Page:Hetzel - Verne - Magasin d’Éducation et de Récréation, 1903, tomes 17 et 18.djvu/318

Le texte de cette page a été corrigé et est conforme au fac-similé.

« Article 6. — Quant au pays qui est au sud des Ksour des deux gouvernements, comme il n’y a pas d’eau, qu’il est inhabitable, et que c’est le désert proprement dit, toute délimitation en serait superflue. »

Ainsi donc, à cette époque, nous ne soupçonnions pas l’existence des oasis sahariennes.

Il faut dire qu’elles étaient inexplorées. Un seul voyageur les avait atteintes, et avait pu visiter le groupe du Tidikelt : le major anglais Laing.

Mais cet explorateur, venu de Tripoli, ayant poussé jusqu’à Tombouctou, avait été assassiné, en 1820, à deux journées de marche de la ville sainte du Soudan, dont on venait de le chasser, et ses notes de voyage furent perdues.

Les premières notions que nous en reçûmes, après notre installation à Géryville, nous vinrent des caravanes.

Quel était en effet leur but, à ces migrations annuelles, régulières de départ et de retour ? Leur brièveté ne permettait pas de supposer que nos indigènes descendaient jusqu’au Soudan ; il fallait croire alors qu’il existait des marchés intermédiaires où les produits pouvaient s’écouler, s’échanger. Ainsi l’on apprit l’existence de groupes d’oasis, dont les plus rapprochées n’étaient pas à moins de cent cinquante lieues de nos Ksour.

Un pays sans doute intéressant à étudier, supposa-t-on ; qui sait même s’il ne devait pas être possible de l’ouvrir au commerce français ?…

On se renseigna auprès des indigènes sur ces régions, puis on se décida à les faire explorer, à voir le parti qu’on en pouvait tirer. En 1860, deux officiers de Géryville, MM. Colonieu, commandant supérieur du cercle, et Burin, capitaine, chef du bureau arabe, furent désignés pour essayer d’y pénétrer, d’y nouer même des relations commerciales.

Ils devaient se joindre aux caravanes des Oulad Sidi Cheikh. Avec la protection de Si Bou Beker[1], notre fidèle allié, dont l’influence religieuse s’étendait jusque-là, rien ne devait être plus facile.

MM. Colonieu et Burin lancèrent d’abord aux populations gourariennes une sorte de manifeste :

« … Votre pays ne produit ni métaux, ni épices, ni cotonnades, ni une foule de choses essentielles à la vie. Vous les achetez aujourd’hui très cher parce qu’ils viennent de très loin. Nos marchands vous les procureront à meilleur compte. Vous y trouverez votre intérêt, comme nous le nôtre, et notre amitié en sera augmentée… »

Puis, s’étant munis d’une pacotille, ils partirent.
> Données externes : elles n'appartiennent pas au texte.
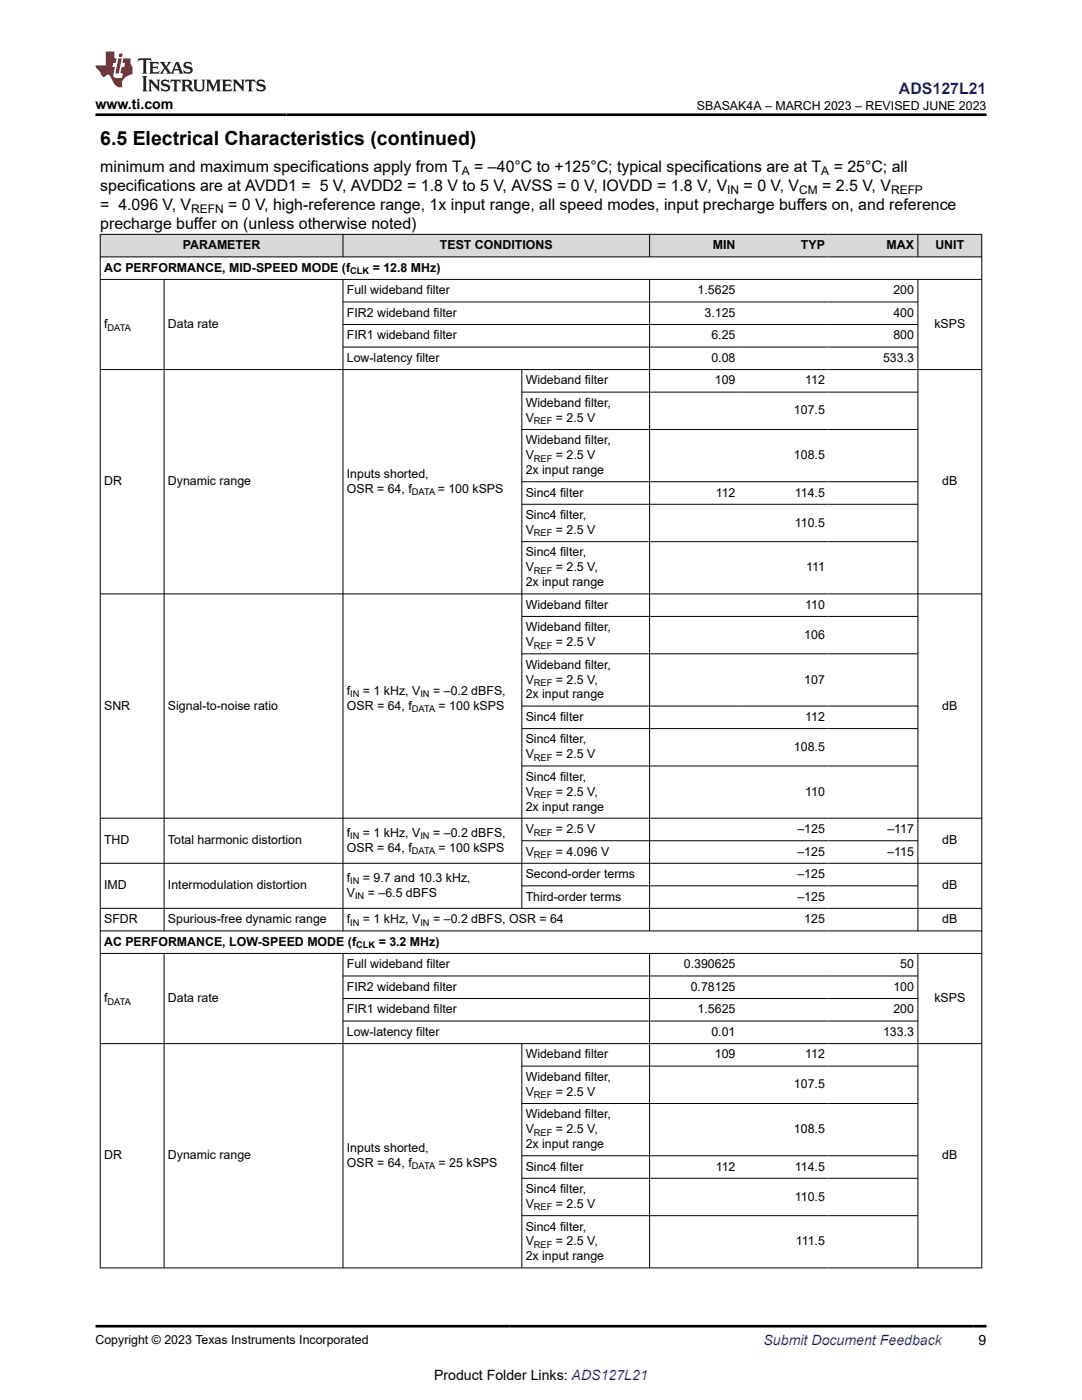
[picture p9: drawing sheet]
<svg xmlns="http://www.w3.org/2000/svg" width="216mm" height="279mm" viewBox="0 0 216 279" stroke-linecap="round" stroke-linejoin="round" font-family="sans-serif">
<defs><g id="words">
<text font-size="3.9" x="20" y="28.8">6.5 Electrical Characteristics (continued)</text>
<text font-size="3.2" fill="#00f" x="179.4" y="18.7">ADS127L21</text>
<g font-size="3.2">
<text x="20" y="34.3">minimum and maximum specifications apply from T</text>
<text x="94.6" y="34.3">= –40°C to +125°C; typical specifications are at T</text>
<text x="166.4" y="34.3">= 25°C; all</text>
<text x="20" y="38.1">specifications are at AVDD1 = 5 V, AVDD2 = 1.8 V to 5 V, AVSS = 0 V, IOVDD = 1.8 V, V</text>
<text x="20" y="41.9">= 4.096 V, V</text>
<text x="45.5" y="41.9">= 0 V, high-reference range, 1x input range, all speed modes, input precharge buffers on, and reference</text>
<text x="148.4" y="38.1">= 0 V, V</text>
<text x="164.1" y="38.1">= 2.5 V, V</text>
<text x="20" y="45.7">precharge buffer on (unless otherwise noted)</text>
</g>
<g font-size="2.8">
<text x="19" y="21.8">www.ti.com</text>
<text x="195.3" y="268.5">9</text>
<text x="86.6" y="275.3">Product Folder Links: ADS127L21</text>
</g>
<text font-size="2.8" fill="#00f" x="152.4" y="268.5">Submit Document Feedback</text>
<g font-size="2.5">
<text x="139.1" y="21.9">SBASAK4A – MARCH 2023 – REVISED JUNE 2023</text>
<text x="36.5" y="49.7">PARAMETER</text>
<text x="87.8" y="49.7">TEST CONDITIONS</text>
<text x="142.2" y="49.7">MIN</text>
<text x="159.8" y="49.7">TYP</text>
<text x="176.9" y="49.7">MAX</text>
<text x="186.6" y="49.7">UNIT</text>
<text x="20.8" y="54.2">AC PERFORMANCE, MID-SPEED MODE (f</text>
<text x="69.2" y="58.7">Full wideband filter</text>
<text x="74.4" y="54.2">= 12.8 MHz)</text>
<text x="139.2" y="58.7">1.5625</text>
<text x="178.3" y="58.7">200</text>
<text x="20.8" y="65.5">f</text>
<text x="33.5" y="65.5">Data rate</text>
<text x="69.2" y="63.2">FIR2 wideband filter</text>
<text x="140.6" y="63.2">3.125</text>
<text x="178.3" y="63.2">400</text>
<text x="186.4" y="65.5">kSPS</text>
<text x="69.2" y="67.7">FIR1 wideband filter</text>
<text x="142" y="67.7">6.25</text>
<text x="178.3" y="67.7">800</text>
<text x="69.2" y="72.2">Low-latency filter</text>
<text x="104.9" y="76.7">Wideband filter</text>
<text x="142" y="72.2">0.08</text>
<text x="142.6" y="76.7">109</text>
<text x="160.7" y="76.7">112</text>
<text x="176.2" y="72.2">533.3</text>
<text x="104.9" y="81.2">Wideband filter,</text>
<text x="158.4" y="82.7">107.5</text>
<text x="104.9" y="84.2">V</text>
<text x="104.9" y="88.7">Wideband filter,</text>
<text x="110.9" y="84.2">= 2.5 V</text>
<text x="69.2" y="95.4">Inputs shorted,</text>
<text x="104.9" y="91.6">V</text>
<text x="104.9" y="94.6">2x input range</text>
<text x="110.9" y="91.6">= 2.5 V</text>
<text x="158.4" y="91.6">108.5</text>
<text x="20.8" y="96.9">DR</text>
<text x="33.5" y="96.9">Dynamic range</text>
<text x="69.2" y="98.3">OSR = 64, f</text>
<text x="87.4" y="98.3">= 100 kSPS</text>
<text x="104.9" y="99.1">Sinc4 filter</text>
<text x="142.8" y="99.1">112</text>
<text x="158.6" y="99.1">114.5</text>
<text x="188" y="96.9">dB</text>
<text x="104.9" y="103.6">Sinc4 filter,</text>
<text x="104.9" y="106.6">V</text>
<text x="110.9" y="106.6">= 2.5 V</text>
<text x="158.6" y="105.1">110.5</text>
<text x="104.9" y="111.1">Sinc4 filter,</text>
<text x="104.9" y="114">V</text>
<text x="104.9" y="117">2x input range</text>
<text x="110.9" y="114">= 2.5 V,</text>
<text x="160.9" y="114">111</text>
<text x="104.9" y="121.5">Wideband filter</text>
<text x="104.9" y="126">Wideband filter,</text>
<text x="160.7" y="121.5">110</text>
<text x="104.9" y="128.9">V</text>
<text x="110.9" y="128.9">= 2.5 V</text>
<text x="160.5" y="127.5">106</text>
<text x="104.9" y="133.4">Wideband filter,</text>
<text x="104.9" y="136.4">V</text>
<text x="110.9" y="136.4">= 2.5 V,</text>
<text x="160.5" y="136.4">107</text>
<text x="20.8" y="141.6">SNR</text>
<text x="33.5" y="141.6">Signal-to-noise ratio</text>
<text x="69.2" y="141.6">OSR = 64, f</text>
<text x="69.2" y="138.7">f</text>
<text x="72.4" y="138.7">= 1 kHz, V</text>
<text x="86.4" y="138.7">= –0.2 dBFS,</text>
<text x="87.5" y="141.6">= 100 kSPS</text>
<text x="104.9" y="139.4">2x input range</text>
<text x="104.9" y="143.9">Sinc4 filter</text>
<text x="160.7" y="143.9">112</text>
<text x="188" y="141.6">dB</text>
<text x="104.9" y="148.4">Sinc4 filter,</text>
<text x="158.4" y="149.8">108.5</text>
<text x="104.9" y="151.3">V</text>
<text x="104.9" y="155.8">Sinc4 filter,</text>
<text x="110.9" y="151.3">= 2.5 V</text>
<text x="104.9" y="158.8">V</text>
<text x="104.9" y="161.8">2x input range</text>
<text x="110.9" y="158.8">= 2.5 V,</text>
<text x="160.7" y="158.8">110</text>
<text x="69.2" y="167">f</text>
<text x="72.4" y="167">= 1 kHz, V</text>
<text x="86.4" y="167">= –0.2 dBFS,</text>
<text x="104.9" y="166.3">V</text>
<text x="110.9" y="166.3">= 2.5 V</text>
<text x="159.1" y="166.3">–125</text>
<text x="177.1" y="166.3">–117</text>
<text x="20.8" y="168.5">THD</text>
<text x="33.5" y="168.5">Total harmonic distortion</text>
<text x="69.2" y="170">OSR = 64, f</text>
<text x="87.5" y="170">= 100 kSPS</text>
<text x="104.9" y="170.8">V</text>
<text x="110.9" y="170.8">= 4.096 V</text>
<text x="159.1" y="170.8">–125</text>
<text x="177.1" y="170.8">–115</text>
<text x="188" y="168.5">dB</text>
<text x="20.8" y="177.5">IMD</text>
<text x="33.5" y="177.5">Intermodulation distortion</text>
<text x="69.2" y="179">V</text>
<text x="69.2" y="176">f</text>
<text x="72.4" y="176">= 9.7 and 10.3 kHz,</text>
<text x="73.4" y="179">= –6.5 dBFS</text>
<text x="104.9" y="175.2">Second-order terms</text>
<text x="104.9" y="179.7">Third-order terms</text>
<text x="159.1" y="175.2">–125</text>
<text x="159.1" y="179.7">–125</text>
<text x="188" y="177.5">dB</text>
<text x="20.8" y="184.2">SFDR</text>
<text x="33.5" y="184.2">Spurious-free dynamic range</text>
<text x="69.2" y="184.2">f</text>
<text x="72.4" y="184.2">= 1 kHz, V</text>
<text x="86.4" y="184.2">= –0.2 dBFS, OSR = 64</text>
<text x="160.5" y="184.2">125</text>
<text x="188" y="184.2">dB</text>
<text x="20.8" y="188.7">AC PERFORMANCE, LOW-SPEED MODE (f</text>
<text x="75.6" y="188.7">= 3.2 MHz)</text>
<text x="69.2" y="193.2">Full wideband filter</text>
<text x="69.2" y="197.7">FIR2 wideband filter</text>
<text x="136.5" y="193.2">0.390625</text>
<text x="137.8" y="197.7">0.78125</text>
<text x="178.3" y="197.7">100</text>
<text x="179.6" y="193.2">50</text>
<text x="20.8" y="200">f</text>
<text x="33.5" y="200">Data rate</text>
<text x="69.2" y="202.2">FIR1 wideband filter</text>
<text x="139.2" y="202.2">1.5625</text>
<text x="178.3" y="202.2">200</text>
<text x="186.4" y="200">kSPS</text>
<text x="69.2" y="206.7">Low-latency filter</text>
<text x="142" y="206.7">0.01</text>
<text x="176.2" y="206.7">133.3</text>
<text x="104.9" y="211.2">Wideband filter</text>
<text x="104.9" y="215.7">Wideband filter,</text>
<text x="142.6" y="211.2">109</text>
<text x="160.7" y="211.2">112</text>
<text x="104.9" y="218.7">V</text>
<text x="110.9" y="218.7">= 2.5 V</text>
<text x="158.4" y="217.2">107.5</text>
<text x="104.9" y="223.2">Wideband filter,</text>
<text x="104.9" y="226.2">V</text>
<text x="110.9" y="226.2">= 2.5 V,</text>
<text x="158.4" y="226.2">108.5</text>
<text x="20.8" y="231.4">DR</text>
<text x="33.5" y="231.4">Dynamic range</text>
<text x="69.2" y="229.9">Inputs shorted,</text>
<text x="69.2" y="232.8">OSR = 64, f</text>
<text x="87.5" y="232.8">= 25 kSPS</text>
<text x="104.9" y="229.1">2x input range</text>
<text x="104.9" y="233.6">Sinc4 filter</text>
<text x="142.8" y="233.6">112</text>
<text x="158.6" y="233.6">114.5</text>
<text x="188" y="231.4">dB</text>
<text x="104.9" y="238.1">Sinc4 filter,</text>
<text x="158.6" y="239.6">110.5</text>
<text x="104.9" y="241.1">V</text>
<text x="104.9" y="245.6">Sinc4 filter,</text>
<text x="110.9" y="241.1">= 2.5 V</text>
<text x="104.9" y="248.5">V</text>
<text x="104.9" y="251.5">2x input range</text>
<text x="110.9" y="248.5">= 2.5 V,</text>
<text x="158.8" y="248.5">111.5</text>
<text x="19" y="268.2">Copyright © 2023 Texas Instruments Incorporated</text>
</g>
<g font-size="2.4">
<text x="92.2" y="34.9">A</text>
<text x="163.9" y="34.9">A</text>
<text x="145.1" y="38.7">IN</text>
<text x="159.5" y="38.7">CM</text>
<text x="177.8" y="38.7">REFP</text>
<text x="38.2" y="42.5">REFN</text>
</g>
<g font-size="1.9">
<text x="69.9" y="54.7">CLK</text>
<text x="21.5" y="66">DATA</text>
<text x="106.5" y="84.7">REF</text>
<text x="106.5" y="92.1">REF</text>
<text x="82.2" y="98.8">DATA</text>
<text x="106.5" y="107.1">REF</text>
<text x="106.5" y="114.5">REF</text>
<text x="106.5" y="129.4">REF</text>
<text x="106.5" y="136.9">REF</text>
<text x="69.9" y="139.2">IN</text>
<text x="82.2" y="142.1">DATA</text>
<text x="83.9" y="139.2">IN</text>
<text x="106.5" y="151.8">REF</text>
<text x="106.5" y="159.3">REF</text>
<text x="69.9" y="167.5">IN</text>
<text x="83.9" y="167.5">IN</text>
<text x="106.5" y="166.7">REF</text>
<text x="82.2" y="170.5">DATA</text>
<text x="106.5" y="171.2">REF</text>
<text x="69.9" y="176.5">IN</text>
<text x="70.9" y="179.5">IN</text>
<text x="69.9" y="184.7">IN</text>
<text x="83.9" y="184.7">IN</text>
<text x="71.1" y="189.2">CLK</text>
<text x="21.5" y="200.5">DATA</text>
<text x="106.5" y="219.2">REF</text>
<text x="106.5" y="226.6">REF</text>
<text x="82.2" y="233.3">DATA</text>
<text x="106.5" y="241.6">REF</text>
<text x="106.5" y="249">REF</text>
</g>
</g></defs>
<g fill="#d8d8d8">
<path d="M20 46.8h175.9v4.5h-175.9z" fill-rule="evenodd"/>
<path d="M20.1 46.8h48.3v4.4h-48.3z" fill-rule="evenodd"/>
<path d="M68.5 46.8h61.1v4.4h-61.1z" fill-rule="evenodd"/>
<path d="M129.7 46.8h17.8v4.4h-17.8z" fill-rule="evenodd"/>
<path d="M147.5 46.8h17.8v4.4h-17.8z" fill-rule="evenodd"/>
<path d="M165.3 46.8h17.8v4.4h-17.8z" fill-rule="evenodd"/>
<path d="M183.2 46.8h12.6v4.4h-12.6z" fill-rule="evenodd"/>
</g>
<g fill="none" stroke="#000" stroke-width=".2">
<path d="M19.9 46.8h176.1M19.9 51.3h176.1M19.9 55.8h176.1M20 46.7v206.4M32.7 55.8v130M68.4 46.7v4.6M68.4 55.8v130M129.6 46.7v4.6M129.6 55.8v130M183.2 46.7v4.6M183.2 55.8v130M195.9 46.7v206.4"/>
<path d="M19.9 73.8h176.1M68.4 60.3h114.8M68.4 64.8h114.8M68.4 69.3h114.8M104.1 73.8v107.5M104.1 78.3h79.1M104.1 85.7h79.1M104.1 96.1h79.1M19.9 118.5h176.1M104.1 100.6h79.1M104.1 108.1h79.1M104.1 123h79.1"/>
<path d="M104.1 130.5h79.1M104.1 140.9h79.1M104.1 145.4h79.1M104.1 152.9h79.1M19.9 163.3h176.1M19.9 172.3h176.1M104.1 167.8h79.1M104.1 176.8h79.1M19.9 181.3h176.1M19.9 185.8h176.1M19.9 190.3h176.1M32.7 190.3v62.8"/>
<path d="M68.4 190.3v62.8M68.4 194.8h114.8M68.4 199.3h114.8M129.6 190.3v62.8M183.2 190.3v62.8M19.9 208.3h176.1M68.4 203.8h114.8M104.1 208.3v44.8M104.1 212.8h79.1M104.1 220.2h79.1M104.1 230.7h79.1M104.1 235.2h79.1"/>
<path d="M19.9 253h176.1M104.1 242.6h79.1"/>
</g>
<path d="M27.7 11.6l-.2 .6 .5-.2h.6v.1v2.2l-.2 .4h1l-.2-.4v-2.2v-.1h.5l.5 .2-.1-.6zM29.8 12.4l.2 .3v1.6l-.2 .4h1.9l.1-.6a1.08 1.08 0 0 1-1.3 .2v-.7h.6l.4 .2v-.7l-.4 .2h-.6v-.5l.2-.2a1 1 0 0 1 1 .3l-.1-.5zM31.8 12.4l1 1.1-1 1.2h.9l-.2-.2 .4-.8 .5 .8-.2 .2h1.6l-.2-.2 .1-.5h1l.1 .5-.1 .2h.9l-.2-.4-.8-1.9h-.5l-1 2.1-.8-1.1 .9-1h-.8l.2 .2-.5 .6-.3-.6 .1-.2zM35.2 12.8l.4 1h-.8zM36.8 12.5a.65 .65 0 0 0-.2 .7 .65 .65 0 0 0 .6 .5l.7 .1 .1 .3a.79 .79 0 0 1-.7 .4 .79 .79 0 0 1-.7-.5l.1 .7 .2-.1a.93 .93 0 0 0 1.1 0 .93 .93 0 0 0 .4-.9 1.46 1.46 0 0 0-1.2-.6l-.1-.3a1.09 1.09 0 0 1 1.2 .2l-.2-.6-.1 .1-.6-.2zM28.4 15.2l.2 .4v2.2l-.2 .4h1l-.2-.4v-2.2l.2-.4zM29.6 15.9l.2 .4v1.5l-.2 .4h.8l-.3-.4v-1.3l1.7 1.8v-2l.2-.4h-.8l.2 .2 .1 1.1-1.2-1.3zM32.3 16a.65 .65 0 0 0-.2 .8 .65 .65 0 0 0 .7 .4l.6 .2 .1 .2a.79 .79 0 0 1-.7 .4 .79 .79 0 0 1-.7-.5l.1 .7 .2-.1a.93 .93 0 0 0 1.1 .1 .93 .93 0 0 0 .4-1 1.46 1.46 0 0 0-1.2-.5l-.1-.4a1.09 1.09 0 0 1 1.2 .2l-.2-.6-.1 .1-.6-.1zM34.1 15.9l-.1 .6a.63 .63 0 0 1 .7-.3l.1 1.6-.3 .4h1l-.2-.4v-1.6a.66 .66 0 0 1 .8 .3l-.1-.6zM36.2 15.9l.2 .4v1.5l-.2 .4h.9l-.2-.2v-.7h.5l.1 .2a.79 .79 0 0 0 1.2 .6l-1-.9a.61 .61 0 0 0 .6-.6 .61 .61 0 0 0-.5-.7zM36.9 16.2h.2a.47 .47 0 0 1 .5 .1 .47 .47 0 0 1 .1 .5l-.2 .1-.6 .1zM38.5 15.9l.2 .2a2.27 2.27 0 0 0 .4 2 1.04 1.04 0 0 0 1.7-.7v-1.3l.2-.2h-.8l.2 .4v1.1a.6 .6 0 0 1-.6 .6 .6 .6 0 0 1-.6-.6v-1.1l.3-.4zM41.1 15.9l.2 .4v1.5l-.2 .4h.7l-.2-.4v-1.4l.9 1.9 .8-1.9v1.4l-.2 .4h1l-.3-.4v-1.5l.3-.4h-.8l-.7 1.5-.7-1.5zM44.3 15.9l.2 .4v1.5l-.2 .4h1.9l.1-.6a1.09 1.09 0 0 1-1.3 .2v-.7h.6l.4 .2v-.6l-.4 .2h-.6v-.6l.2-.1a1.01 1.01 0 0 1 1 .3l-.1-.6zM46.4 15.9l.3 .4v1.5l-.3 .4h.8l-.2-.4v-1.3l1.6 1.8v-2l.2-.4h-.7l.2 .2v1.1l-1.2-1.3zM49 15.9l-.1 .6a.63 .63 0 0 1 .8-.3v1.6l-.3 .4h1l-.2-.4v-1.6a.66 .66 0 0 1 .8 .3l-.1-.6zM51.4 16a.65 .65 0 0 0-.2 .8 .65 .65 0 0 0 .6 .4l.6 .2 .2 .2a.79 .79 0 0 1-.8 .4 .79 .79 0 0 1-.6-.5l.1 .7 .2-.1a.93 .93 0 0 0 1 .1 .93 .93 0 0 0 .5-1 1.46 1.46 0 0 0-1.3-.5l-.1-.4a1.09 1.09 0 0 1 1.3 .2l-.2-.6-.2 .1-.5-.1z" fill="#231f20"/>
<path d="M21.1 10.3v2.7h-2.1l.1 .4 .9 1a.95 .95 0 0 0 .9 .9 .59 .59 0 0 1 .6-.4 .59 .59 0 0 1 .5 .3l.4 .8a1.59 1.59 0 0 0 2.1 1.4 1.61 1.61 0 0 1 1-2.3l1-.3-.1-1.5a1.59 1.59 0 0 1-.4-1.7h-1.4l-.2 .9h.5l-.1 .9h-.5l-.2 .9v.3l.4 .1-.2 .9h-.6a.73 .73 0 0 1-1.1-.7l.3-1.5h-.5l.2-.9h.5l.2-.9h-.5v-1.3zM23.6 11.6l-.6 3.1h.7l.6-3.1zM23.8 10.7l-.1 .6h.7l.1-.6z" fill="#ed1c24"/>
<path d="M19 22.9h177.8M19 264.7h177.8" fill="none" stroke="#000" stroke-width=".53"/>
<use href="#words"/>
</svg>

Malheureusement, avec eux, marchaient une centaine de cavaliers armés. Ce déploiement de forces les perdit. Les Gourariens le grossirent dans leurs propos, l’exagérèrent, se persuadèrent enfin qu’on venait commencer la conquête de leur pays.

Aussi, non seulement la plupart des Ksour refusèrent-ils de recevoir les officiers, mais, dans quelques-uns même, comme Timmimoun, qui est la principale ville du Gourara, ceux-ci trouvèrent les murs couverts d’hommes en armes, prêts à s’opposer par la force à leur approche. Pour ne pas empêcher absolument les caravanes de faire leurs échanges habituels, ils durent s’éloigner.

Leur voyage manqua donc son but. Il éveilla aussi des craintes dans les oasis, qui, pour assurer leur indépendance, envoyèrent des présents au sultan du Maroc, et lui demandèrent de faire acte de suzerain en leur nommant des caïds. Et, depuis lors, la prière officielle du vendredi cessa d’être faite, chez elles, au nom du sultan de Constantinople, pour le devenir au nom du sultan du Maroc.

Ce résultat fâcheux fut constaté, en 1864,

  1. Si Bou Beker, héritier de la baraca de Sidi Cheikh, à la mort du khalifa Sidi Hamza, son père ; bachagha des Oulad Sidi Cheikh.